▸ What this task involves
Please give the number of lines in the records below that include "object", with no other output.

▸ Records for the exercise

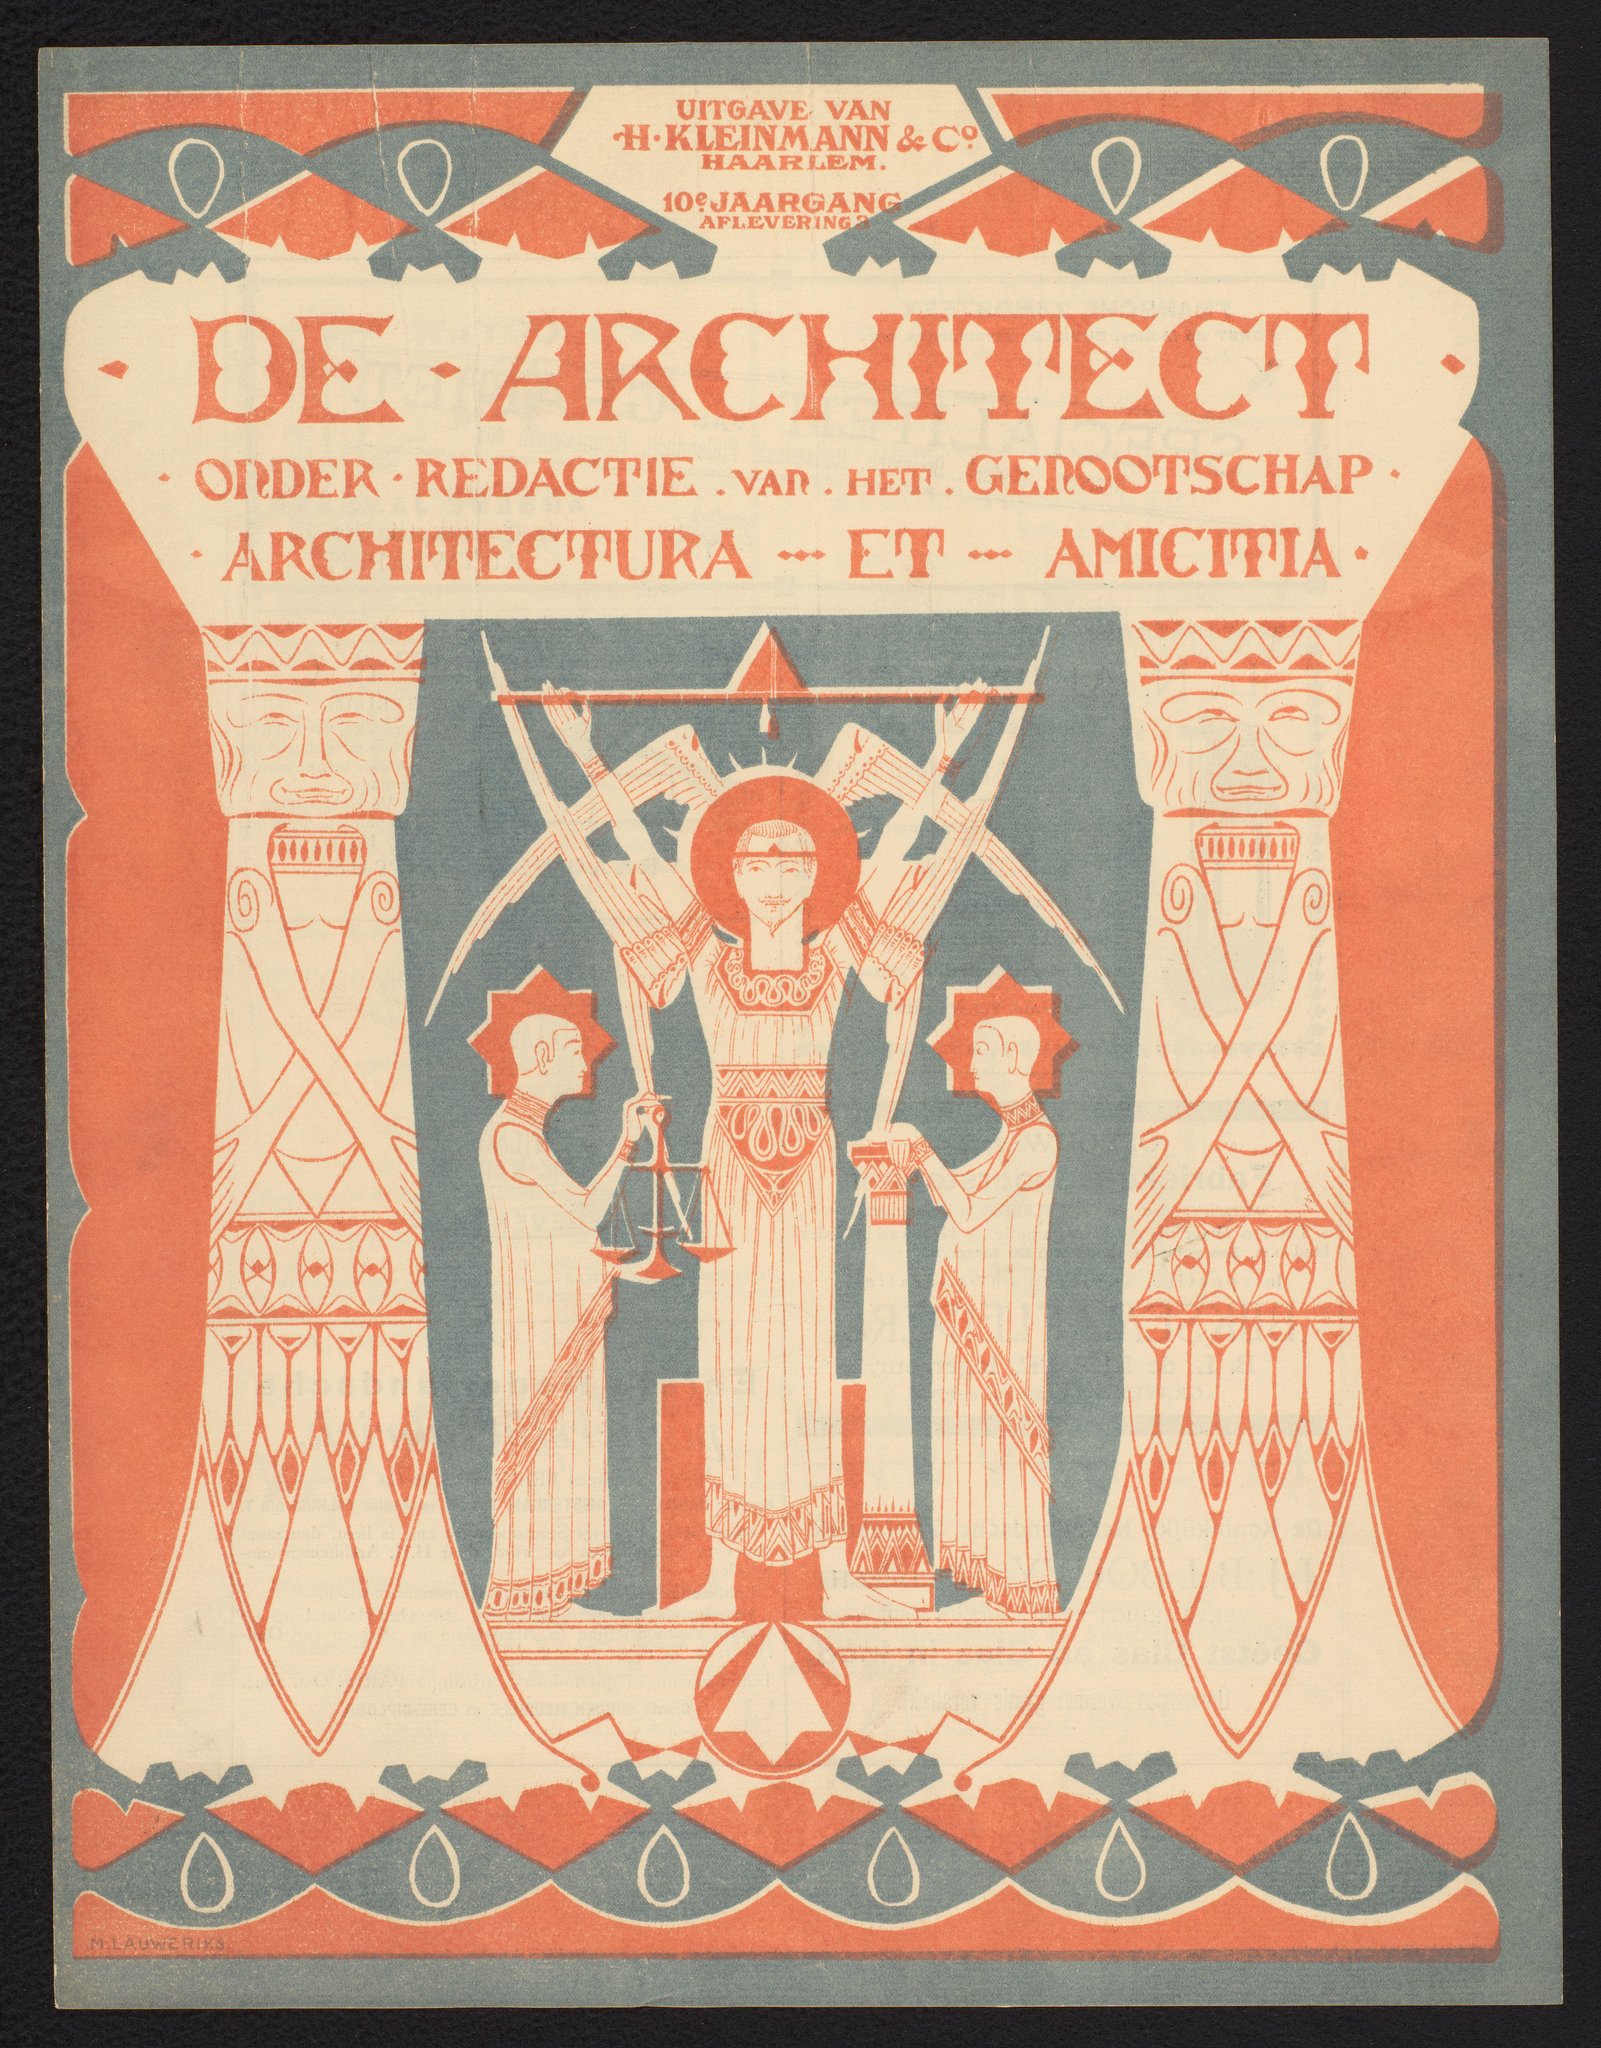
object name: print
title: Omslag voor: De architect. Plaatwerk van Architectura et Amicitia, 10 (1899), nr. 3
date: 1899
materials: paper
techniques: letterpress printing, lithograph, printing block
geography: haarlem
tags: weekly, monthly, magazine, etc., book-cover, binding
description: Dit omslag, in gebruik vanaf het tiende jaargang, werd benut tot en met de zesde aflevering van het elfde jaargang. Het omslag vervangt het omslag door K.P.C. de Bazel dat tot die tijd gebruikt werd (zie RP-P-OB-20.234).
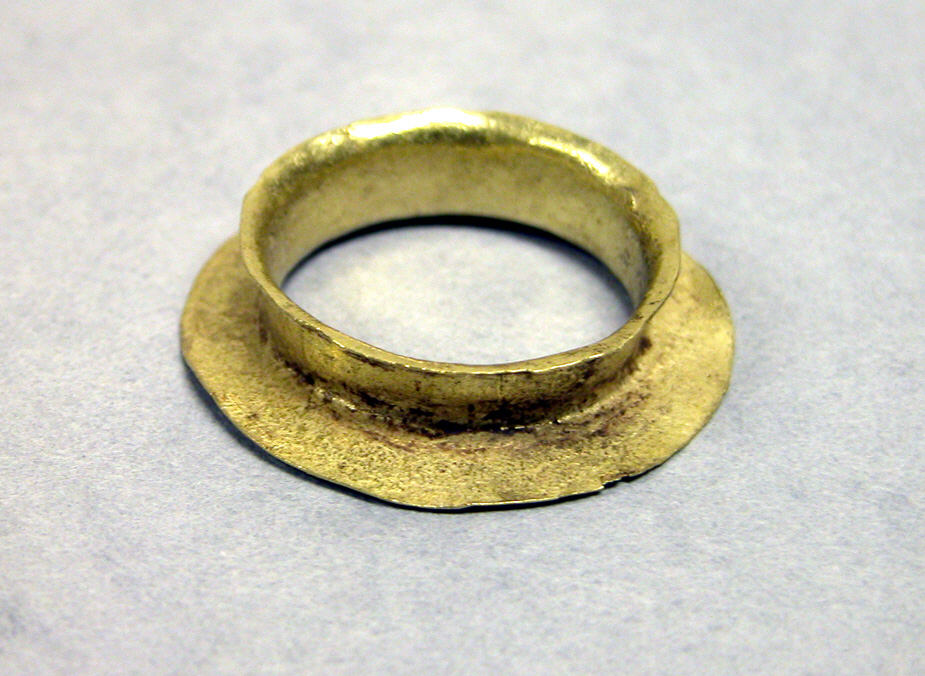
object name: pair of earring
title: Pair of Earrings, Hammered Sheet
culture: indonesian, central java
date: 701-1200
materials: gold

...

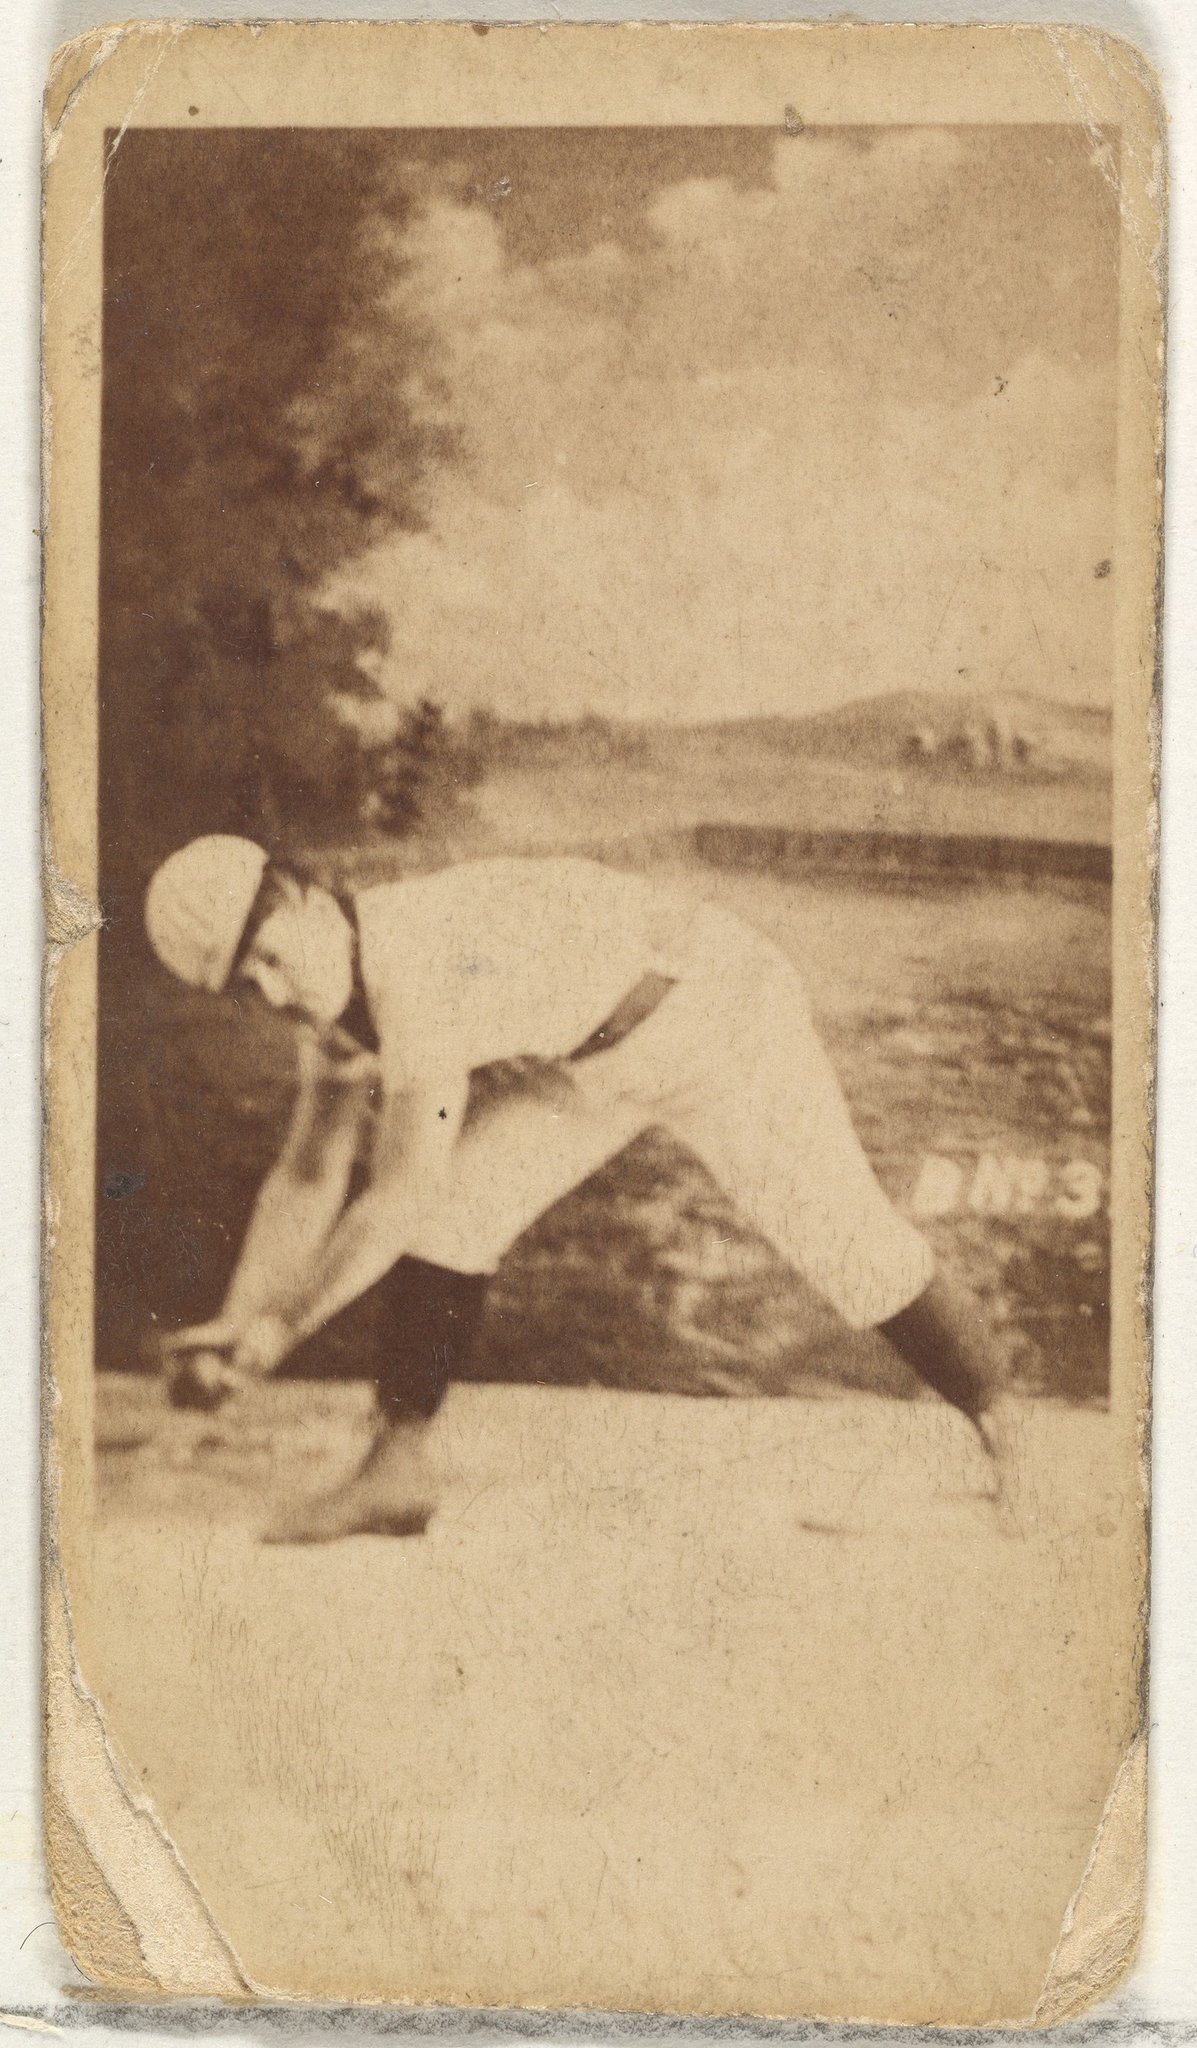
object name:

▸ Exercise output
3